#### EXERCISE AIM:
From the records below, extract all the text exactly and leave the images behind.

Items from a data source
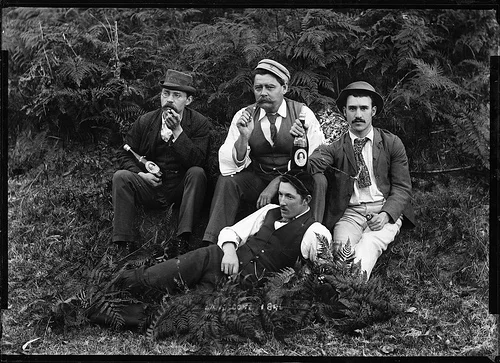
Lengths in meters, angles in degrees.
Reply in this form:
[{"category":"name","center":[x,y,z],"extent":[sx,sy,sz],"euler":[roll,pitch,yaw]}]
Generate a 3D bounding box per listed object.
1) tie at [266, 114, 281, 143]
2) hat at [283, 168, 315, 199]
[{"category":"tie","center":[0.333,-0.753,7.135],"extent":[0.113,0.414,0.104],"euler":[0,-5,2]},{"category":"hat","center":[0.687,-0.003,7.004],"extent":[0.399,0.215,0.285],"euler":[36,2,-20]}]
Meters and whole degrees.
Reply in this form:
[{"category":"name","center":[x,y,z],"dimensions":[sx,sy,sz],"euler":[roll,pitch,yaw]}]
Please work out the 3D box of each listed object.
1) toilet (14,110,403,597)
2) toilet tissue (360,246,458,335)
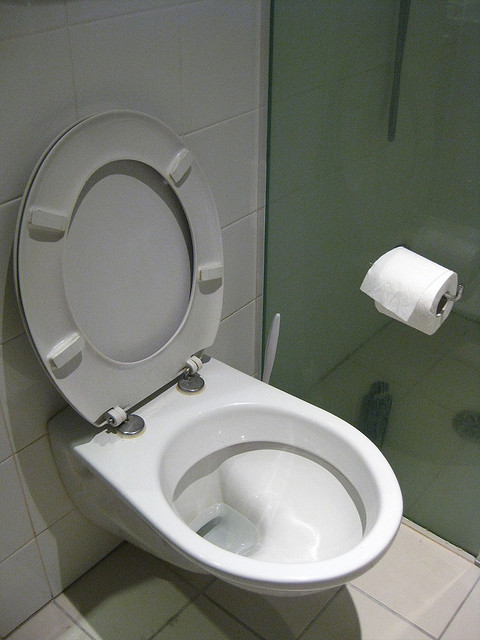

#### OUTPUT:
Lengths in meters, angles in degrees.
Reply in this form:
[{"category":"name","center":[x,y,z],"extent":[sx,sy,sz],"euler":[roll,pitch,yaw]}]
Generate a 3D bounding box per listed object.
1) tie at [266, 114, 281, 143]
2) hat at [283, 168, 315, 199]
[{"category":"tie","center":[0.333,-0.753,7.135],"extent":[0.113,0.414,0.104],"euler":[0,-5,2]},{"category":"hat","center":[0.687,-0.003,7.004],"extent":[0.399,0.215,0.285],"euler":[36,2,-20]}]
Meters and whole degrees.
Reply in this form:
[{"category":"name","center":[x,y,z],"dimensions":[sx,sy,sz],"euler":[roll,pitch,yaw]}]
Please work out the 3D box of each listed object.
1) toilet (14,110,403,597)
2) toilet tissue (360,246,458,335)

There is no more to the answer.